═══ DATA FOR ANALYSIS ═══
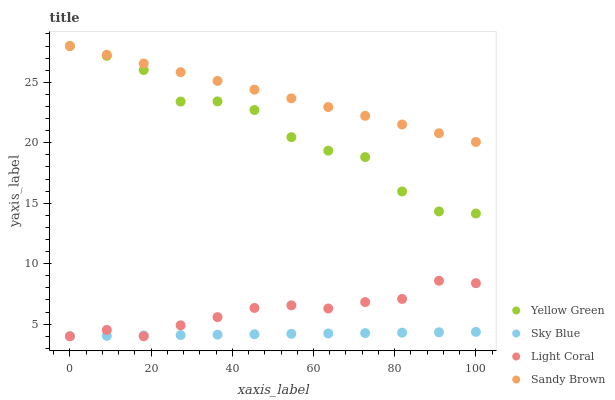Does Sky Blue have the minimum area under the curve?
Answer yes or no. Yes. Does Sandy Brown have the maximum area under the curve?
Answer yes or no. Yes. Does Sandy Brown have the minimum area under the curve?
Answer yes or no. No. Does Sky Blue have the maximum area under the curve?
Answer yes or no. No. Is Sky Blue the smoothest?
Answer yes or no. Yes. Is Yellow Green the roughest?
Answer yes or no. Yes. Is Sandy Brown the smoothest?
Answer yes or no. No. Is Sandy Brown the roughest?
Answer yes or no. No. Does Light Coral have the lowest value?
Answer yes or no. Yes. Does Sandy Brown have the lowest value?
Answer yes or no. No. Does Yellow Green have the highest value?
Answer yes or no. Yes. Does Sky Blue have the highest value?
Answer yes or no. No. Is Sky Blue less than Yellow Green?
Answer yes or no. Yes. Is Sandy Brown greater than Light Coral?
Answer yes or no. Yes. Does Light Coral intersect Sky Blue?
Answer yes or no. Yes. Is Light Coral less than Sky Blue?
Answer yes or no. No. Is Light Coral greater than Sky Blue?
Answer yes or no. No. Does Sky Blue intersect Yellow Green?
Answer yes or no. No. 
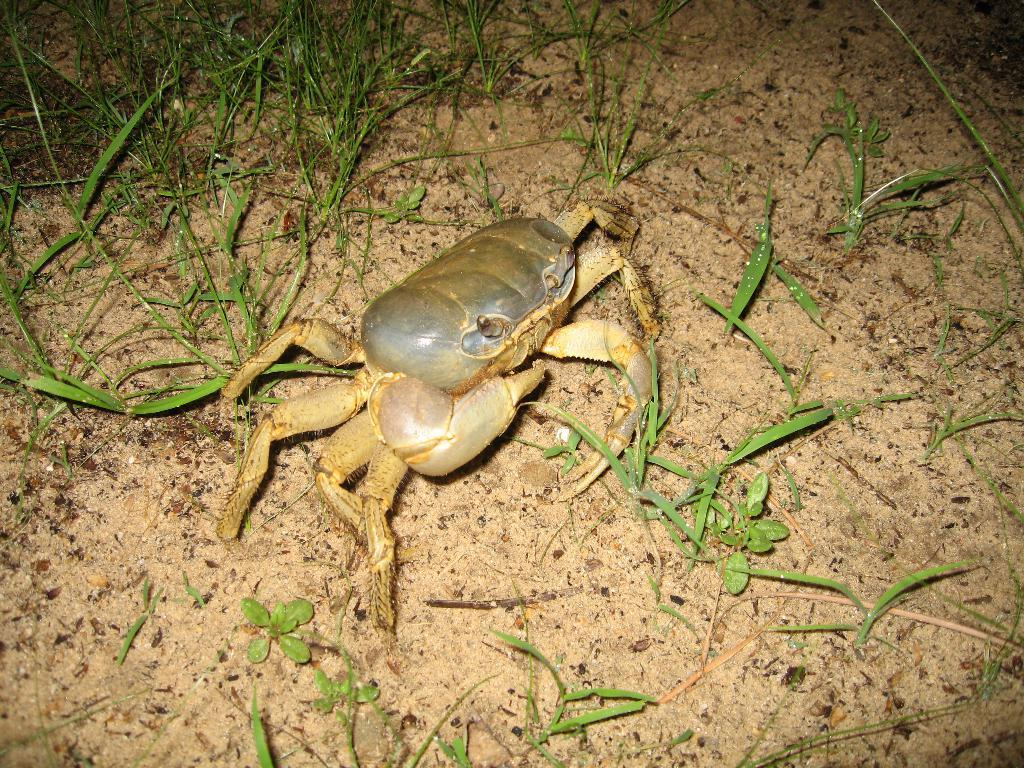What type of animal is in the image? There is a crab in the image. What type of terrain is visible in the image? There is grass and sand visible in the image. Where is the grass located in the image? The grass is present in the background of the image. What type of lace can be seen on the crab's back in the image? There is no lace present on the crab's back in the image. How many birds are in the flock that is visible in the image? There is no flock of birds visible in the image; it features a crab and grass in the background. 
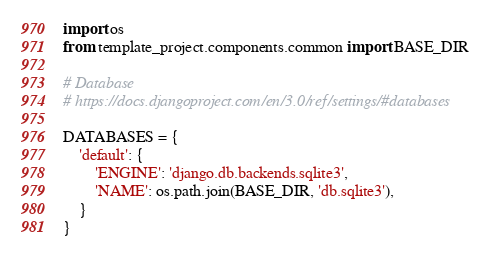Convert code to text. <code><loc_0><loc_0><loc_500><loc_500><_Python_>import os
from template_project.components.common import BASE_DIR

# Database
# https://docs.djangoproject.com/en/3.0/ref/settings/#databases

DATABASES = {
    'default': {
        'ENGINE': 'django.db.backends.sqlite3',
        'NAME': os.path.join(BASE_DIR, 'db.sqlite3'),
    }
}

</code> 
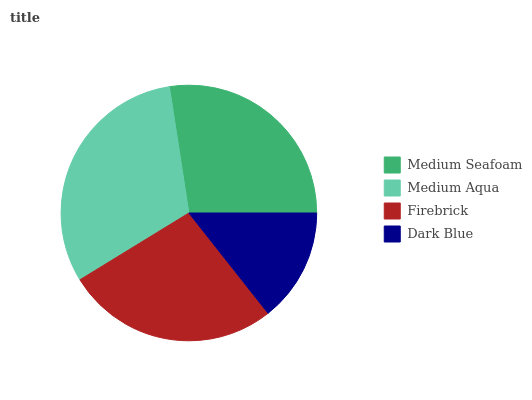Is Dark Blue the minimum?
Answer yes or no. Yes. Is Medium Aqua the maximum?
Answer yes or no. Yes. Is Firebrick the minimum?
Answer yes or no. No. Is Firebrick the maximum?
Answer yes or no. No. Is Medium Aqua greater than Firebrick?
Answer yes or no. Yes. Is Firebrick less than Medium Aqua?
Answer yes or no. Yes. Is Firebrick greater than Medium Aqua?
Answer yes or no. No. Is Medium Aqua less than Firebrick?
Answer yes or no. No. Is Medium Seafoam the high median?
Answer yes or no. Yes. Is Firebrick the low median?
Answer yes or no. Yes. Is Medium Aqua the high median?
Answer yes or no. No. Is Dark Blue the low median?
Answer yes or no. No. 
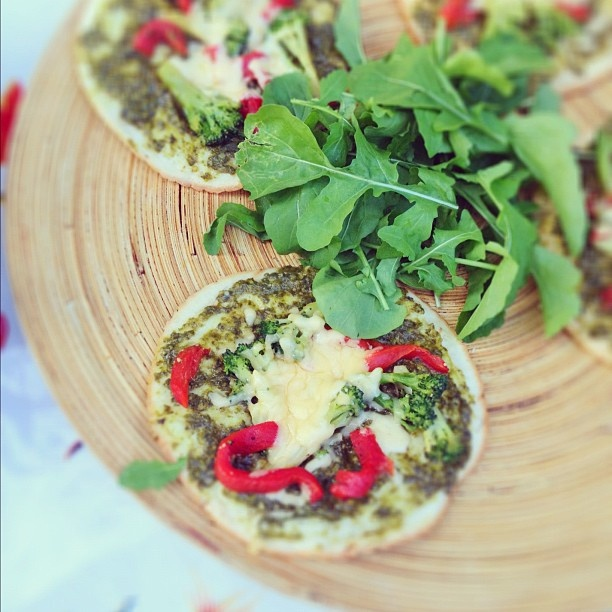Describe the objects in this image and their specific colors. I can see pizza in gray, beige, and olive tones, pizza in gray, olive, and beige tones, broccoli in gray, beige, lightgreen, and darkgray tones, pizza in gray, olive, beige, green, and tan tones, and pizza in gray, olive, and green tones in this image. 
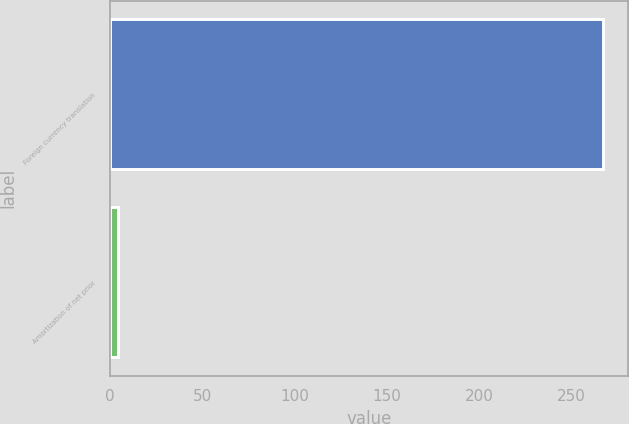Convert chart to OTSL. <chart><loc_0><loc_0><loc_500><loc_500><bar_chart><fcel>Foreign currency translation<fcel>Amortization of net prior<nl><fcel>266.9<fcel>4.3<nl></chart> 
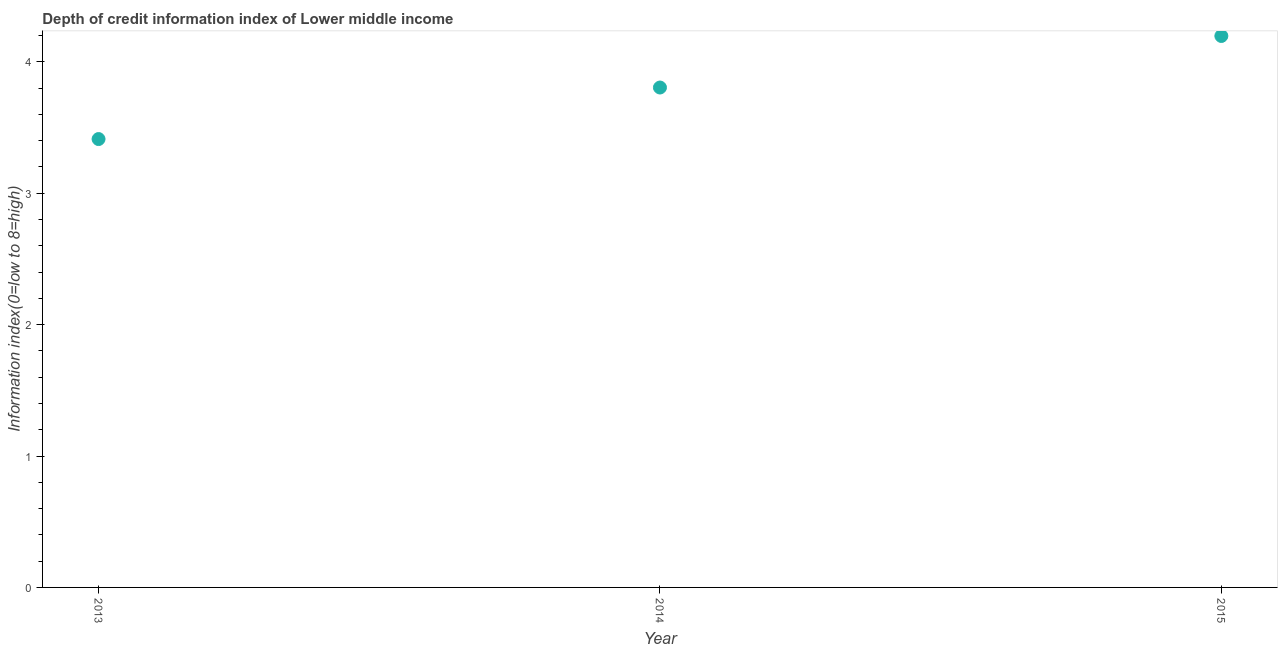What is the depth of credit information index in 2014?
Give a very brief answer. 3.8. Across all years, what is the maximum depth of credit information index?
Provide a succinct answer. 4.2. Across all years, what is the minimum depth of credit information index?
Give a very brief answer. 3.41. In which year was the depth of credit information index maximum?
Offer a terse response. 2015. What is the sum of the depth of credit information index?
Give a very brief answer. 11.41. What is the difference between the depth of credit information index in 2013 and 2014?
Make the answer very short. -0.39. What is the average depth of credit information index per year?
Provide a short and direct response. 3.8. What is the median depth of credit information index?
Your answer should be compact. 3.8. Do a majority of the years between 2015 and 2013 (inclusive) have depth of credit information index greater than 1.6 ?
Your answer should be compact. No. What is the ratio of the depth of credit information index in 2013 to that in 2014?
Provide a succinct answer. 0.9. Is the depth of credit information index in 2013 less than that in 2015?
Offer a terse response. Yes. What is the difference between the highest and the second highest depth of credit information index?
Provide a succinct answer. 0.39. Is the sum of the depth of credit information index in 2013 and 2015 greater than the maximum depth of credit information index across all years?
Ensure brevity in your answer.  Yes. What is the difference between the highest and the lowest depth of credit information index?
Give a very brief answer. 0.78. In how many years, is the depth of credit information index greater than the average depth of credit information index taken over all years?
Provide a short and direct response. 1. Does the depth of credit information index monotonically increase over the years?
Ensure brevity in your answer.  Yes. How many dotlines are there?
Give a very brief answer. 1. How many years are there in the graph?
Offer a terse response. 3. What is the difference between two consecutive major ticks on the Y-axis?
Give a very brief answer. 1. Are the values on the major ticks of Y-axis written in scientific E-notation?
Your answer should be compact. No. Does the graph contain grids?
Give a very brief answer. No. What is the title of the graph?
Keep it short and to the point. Depth of credit information index of Lower middle income. What is the label or title of the Y-axis?
Provide a succinct answer. Information index(0=low to 8=high). What is the Information index(0=low to 8=high) in 2013?
Provide a succinct answer. 3.41. What is the Information index(0=low to 8=high) in 2014?
Your response must be concise. 3.8. What is the Information index(0=low to 8=high) in 2015?
Offer a terse response. 4.2. What is the difference between the Information index(0=low to 8=high) in 2013 and 2014?
Provide a short and direct response. -0.39. What is the difference between the Information index(0=low to 8=high) in 2013 and 2015?
Provide a short and direct response. -0.78. What is the difference between the Information index(0=low to 8=high) in 2014 and 2015?
Ensure brevity in your answer.  -0.39. What is the ratio of the Information index(0=low to 8=high) in 2013 to that in 2014?
Offer a terse response. 0.9. What is the ratio of the Information index(0=low to 8=high) in 2013 to that in 2015?
Ensure brevity in your answer.  0.81. What is the ratio of the Information index(0=low to 8=high) in 2014 to that in 2015?
Your response must be concise. 0.91. 
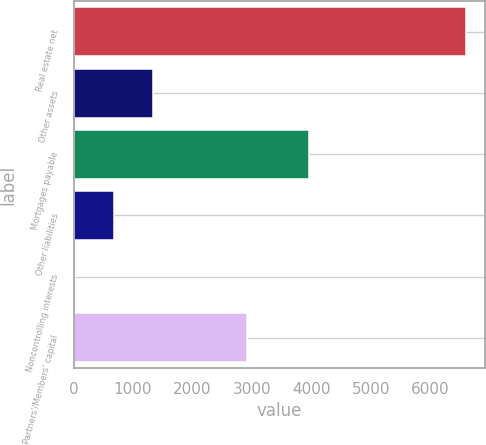<chart> <loc_0><loc_0><loc_500><loc_500><bar_chart><fcel>Real estate net<fcel>Other assets<fcel>Mortgages payable<fcel>Other liabilities<fcel>Noncontrolling interests<fcel>Partners'/Members' capital<nl><fcel>6601.8<fcel>1335.72<fcel>3956.2<fcel>677.46<fcel>19.2<fcel>2914.5<nl></chart> 
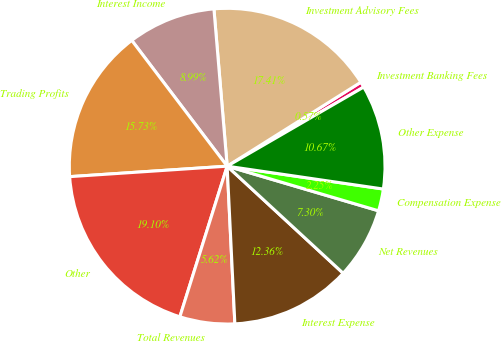<chart> <loc_0><loc_0><loc_500><loc_500><pie_chart><fcel>Investment Banking Fees<fcel>Investment Advisory Fees<fcel>Interest Income<fcel>Trading Profits<fcel>Other<fcel>Total Revenues<fcel>Interest Expense<fcel>Net Revenues<fcel>Compensation Expense<fcel>Other Expense<nl><fcel>0.57%<fcel>17.41%<fcel>8.99%<fcel>15.73%<fcel>19.1%<fcel>5.62%<fcel>12.36%<fcel>7.3%<fcel>2.25%<fcel>10.67%<nl></chart> 
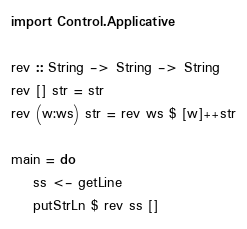<code> <loc_0><loc_0><loc_500><loc_500><_Haskell_>import Control.Applicative

rev :: String -> String -> String
rev [] str = str
rev (w:ws) str = rev ws $ [w]++str

main = do
    ss <- getLine
    putStrLn $ rev ss []</code> 
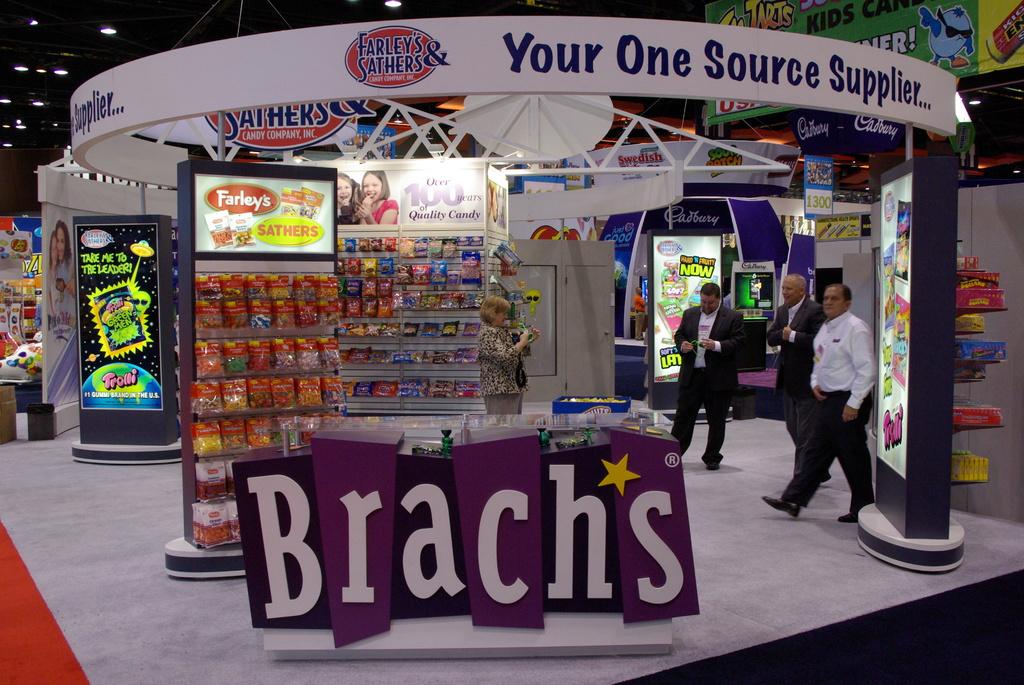What type of supplier does the store say they are?
Your response must be concise. One source. What is the name of the store/?
Offer a very short reply. Brachs. 
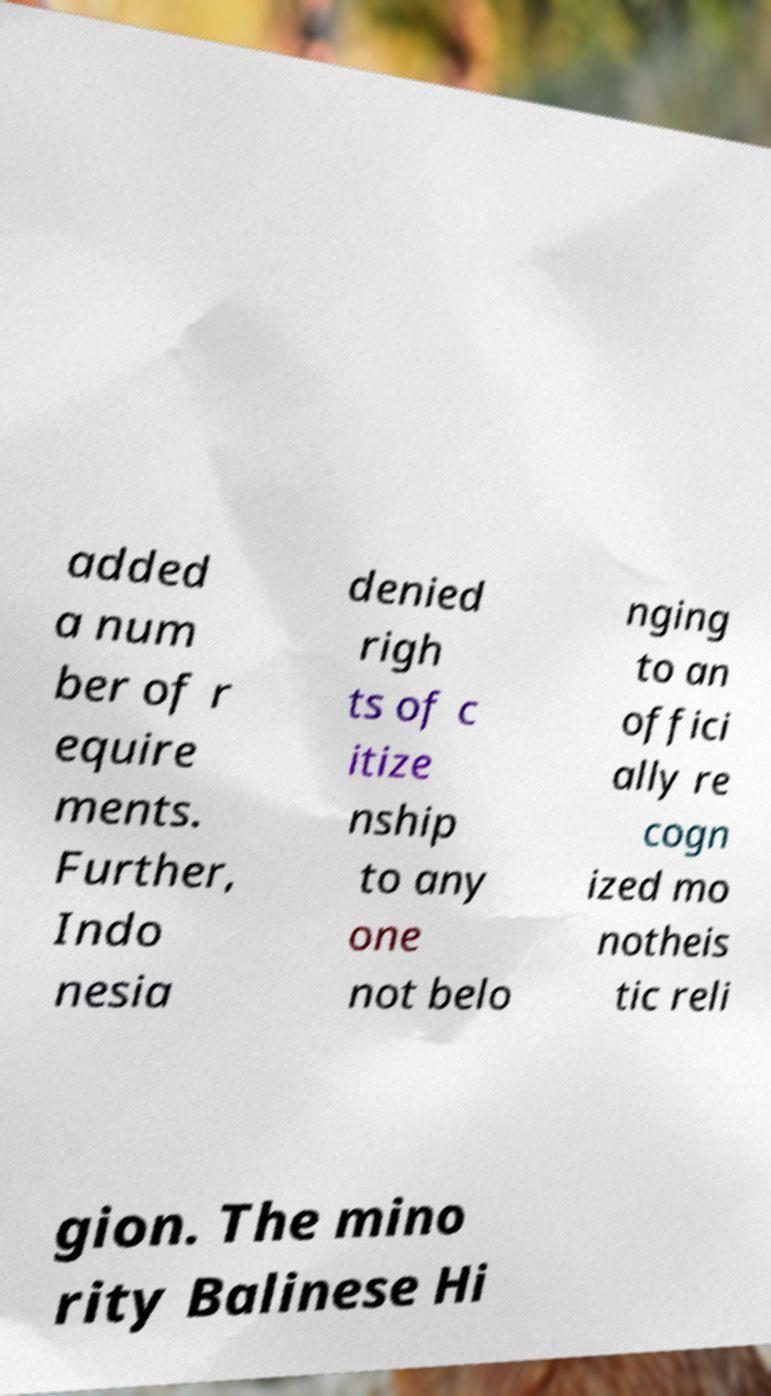For documentation purposes, I need the text within this image transcribed. Could you provide that? added a num ber of r equire ments. Further, Indo nesia denied righ ts of c itize nship to any one not belo nging to an offici ally re cogn ized mo notheis tic reli gion. The mino rity Balinese Hi
═══
Only the lines from the one containing "Answer yes or no. No. Is Sky Blue the" through the one containing "Answer yes or no. No. Is Sky Blue less" are to be retyped, both boundary lines included, with no other material.

Answer yes or no. No. Is Sky Blue the smoothest?
Answer yes or no. Yes. Is Yellow Green the roughest?
Answer yes or no. Yes. Is Sandy Brown the smoothest?
Answer yes or no. No. Is Sandy Brown the roughest?
Answer yes or no. No. Does Light Coral have the lowest value?
Answer yes or no. Yes. Does Sandy Brown have the lowest value?
Answer yes or no. No. Does Yellow Green have the highest value?
Answer yes or no. Yes. Does Sky Blue have the highest value?
Answer yes or no. No. Is Sky Blue less than Yellow Green?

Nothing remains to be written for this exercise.